Danielle returns. “Jack on the rocks?”
“Hell, yes.” I join her in the kitchen, which is just the left side of the living room really.
She puts ice into two small plastic cups and pours the Jack liberally.
My cup is from a fast food restaurant and advertises an Iron Man movie starring Robert Downey Jr. in a robot suit. I remember when Robert Downey Jr. was just doing regular roles about regular men.
I also think about the Baccarat crystal glasses Ken and I drank from nightly in Tampa and wonder how many hours working at the diner it would take Danielle to earn enough money for just one of those. An entire week’s worth of pay and tips, maybe more.
“To good ol’ Haddon Township High School,” Danielle says.
“To rock and roll,” I say.
We touch plastic and sip.
The burn is the same, but whiskey definitely tastes better out of fine crystal, no matter what your roots happen to be.
That’s the problem with money—it changes your tastes. You can never go back to liking some things, like drinking alcohol from plastic cups, as much.
We return to the futon, and Danielle puts on Mötley Crüe’s first album Too Fast for Love with the volume much lower than when we listened to Quiet Riot.
“You have this on vinyl?” I say.
“Original pressing,” Danielle says proudly as Vince Neil sings “Live Wire.” “It’s Chuck’s. He has quite a collection. Tells Tommy it’s his when Chuck dies.”
“Cool uncle.”
“Did you fuck Mr. Vernon back in high school?”
“Excuse me?”
“That was the rumor. It was decades ago, Portia. No one would care anymore anyway. They’re not going to send him to jail now.”
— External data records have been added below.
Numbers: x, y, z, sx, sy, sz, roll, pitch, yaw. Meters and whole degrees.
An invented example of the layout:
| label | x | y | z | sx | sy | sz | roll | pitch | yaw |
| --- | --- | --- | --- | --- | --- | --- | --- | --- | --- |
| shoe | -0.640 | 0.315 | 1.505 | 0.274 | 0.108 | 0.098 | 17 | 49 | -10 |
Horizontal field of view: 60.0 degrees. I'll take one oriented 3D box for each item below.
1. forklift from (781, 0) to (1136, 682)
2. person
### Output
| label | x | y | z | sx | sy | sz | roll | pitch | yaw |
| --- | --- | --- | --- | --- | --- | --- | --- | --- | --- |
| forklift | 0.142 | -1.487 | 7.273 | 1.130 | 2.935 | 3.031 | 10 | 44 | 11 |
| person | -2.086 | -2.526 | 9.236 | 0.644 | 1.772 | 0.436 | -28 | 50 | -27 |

“There were really rumors about that?”
“Sure. You were always spending time with him alone after class and before school. Some girls are into older men. Daddy issues. I heard you used to go to his apartment too. So of fucking course there were rumors. It was high school!”
“Unbelievable.” I shake my head. “Mr. Vernon was the closest thing I had to a father figure in high school, so thanks for making my one good teen memory weird. Jesus Christ, Daddy issues? Yuck!”
“So you didn’t fuck him?”
“No. I did not fuck Mr. Vernon. You didn’t know him if you could even think that.”
“Was he gay?”
“I have no idea.”
“People used to say he was gay.”
“Kids said everything and everyone was gay back then. It was the default adjective of our homophobic MTV generation.”
“So what did you talk about all alone with Mr. Vernon?”
“Literature, writing, what I wanted to do with my life, becoming a novelist, if you can believe that,” I say, leaving out the thing we talked about most—my mother—and the Christmas Eve I spent with Mr. Vernon senior year because Mom thought the government had bugged our house, so she was refusing to let me speak, and I was too embarrassed to tell anyone else but him. “What’s happened to him? I’d really like to know.”